Straight up: taking a personal loan for business expenses is not a good idea. There are credits specifically designed for entrepreneurs across all industries. If you take a business loan and the company (or project) fails, you declare bankruptcy and that’s it. But, taking a personal loan for business will reflect on your credit score, and if things go south… you don’t want that stain on your credit report. 

A look at the numbers

If you are new to the world of personal finance, you probably don’t know that credit products aren’t identical all across the board (not in the dollar-for-dollar sense of the word). The monthly payment on two separate offers for a loan might appear almost the same, but one of those offers is definitely more favorable than the other. How to tell the difference?

Personal loans are defined by three crucial terms: the repayment term, the interest rate, and the amount of each monthly payment

A repayment term specifies the exact number of months (12–60) to repay the loan. The interest rate is the profit your lender will take from you for providing the loan. Lastly, monthly payments are determined upfront, so that both parties are aware of the loan repayment schedule. 

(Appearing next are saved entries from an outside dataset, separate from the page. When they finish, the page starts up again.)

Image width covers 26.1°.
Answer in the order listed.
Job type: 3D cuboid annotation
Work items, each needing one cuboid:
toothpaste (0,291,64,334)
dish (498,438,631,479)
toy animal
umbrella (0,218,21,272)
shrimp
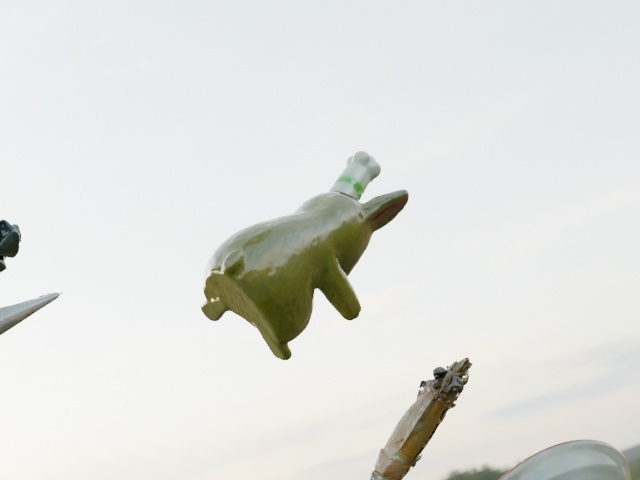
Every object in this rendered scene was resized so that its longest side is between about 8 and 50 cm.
[{"bbox_3d":[-0.601,0.157,2.430,0.323,0.066,0.100,-28,9,-38],"label":"toothpaste"},{"bbox_3d":[0.314,0.385,1.789,0.260,0.085,0.260,-14,-53,-20],"label":"dish"},{"bbox_3d":[-0.004,0.019,2.010,0.363,0.181,0.180,-29,-52,-35],"label":"toy animal"},{"bbox_3d":[-0.587,-0.033,2.016,0.143,0.094,0.349,-49,-40,0],"label":"umbrella"},{"bbox_3d":[0.098,0.193,1.419,0.184,0.043,0.091,-59,-16,17],"label":"shrimp"}]

Compare aprs for personal loans 

Despite all that, the annual percentage rate (APR) is the most important piece of information for comparing competing offers for a personal loan. This is a term that includes origination fees into the equation—a cost that is excluded when you simply look at interest rates and monthly payments.   

The APR is the total sum (borrowed amount + interest + fees) adjusted to interest on a yearly basis and expressed in percentage points. Loans with the lowest APR within a given loan term are the best offer. Borrowers with high credit scores (FICO 690 and up) get a personal loan at APR below 20%. Lenders usually offer personal loans with an APR of up to 30% to subprime borrowers.

The case against personal loans (or when not to take personal loan)

In most of the instances described above, personal loans are put on the spot and compared to other credit products. Whether you are considering auto loans, HELOCs, payday loans, or any other alternative to taking a personal loan, then you obviously need to weigh the options. 

The following information can help you decide which option is better.

  • Credit that includes a grace period (sometimes up to 18 months or more) allows the debtor to cut on the interest. Once this period ends, you will start paying according to the interest rate, but the total amount paid will be lower.
  • A loan without an origination fee cuts down on a lot of the costs. This one is like Bigfoot—many have heard about it, but hardly anyone has seen it. Jokes aside, the offer without fees (or with lower fees) is better. If there is no fee, the APR is actually the same as the interest rate.
  • A loan with a lower APR is better. We already explained why.
  • A loan that is specifically designed for a certain purpose will generally be better. For example, car loans vs personal loans, or medical cards vs personal loans. The purpose-made loan can have better terms like a lower interest rate or a longer repayment period, so study those very carefully before making a decision.  
  • Don’t take a personal loan if you are not able to meet the monthly payment minimum over time. It will create more problems instead of solving them. Even if you are expecting a certain change in your purchasing power, things change in both directions so make conservative estimates.
  • Don’t take out a loan if you have issues with budgeting. Personal loans work only if you stop detrimental habits that got you into debt in the first place. Creating a payment plan can help, but consolidating credit card debt with a loan is a bad idea if you intend to max out the credit card shortly after.

In closing

Personal loans could solve a lot of issues and empower you to make purchases that are above your monthly purchasing power. They are versatile credit products and you can get them based on your credit report as an unsecured loan (i.e. without putting up collateral). 

Compare the terms of competing loan offers (read the small print) and look for the one with the best terms out there.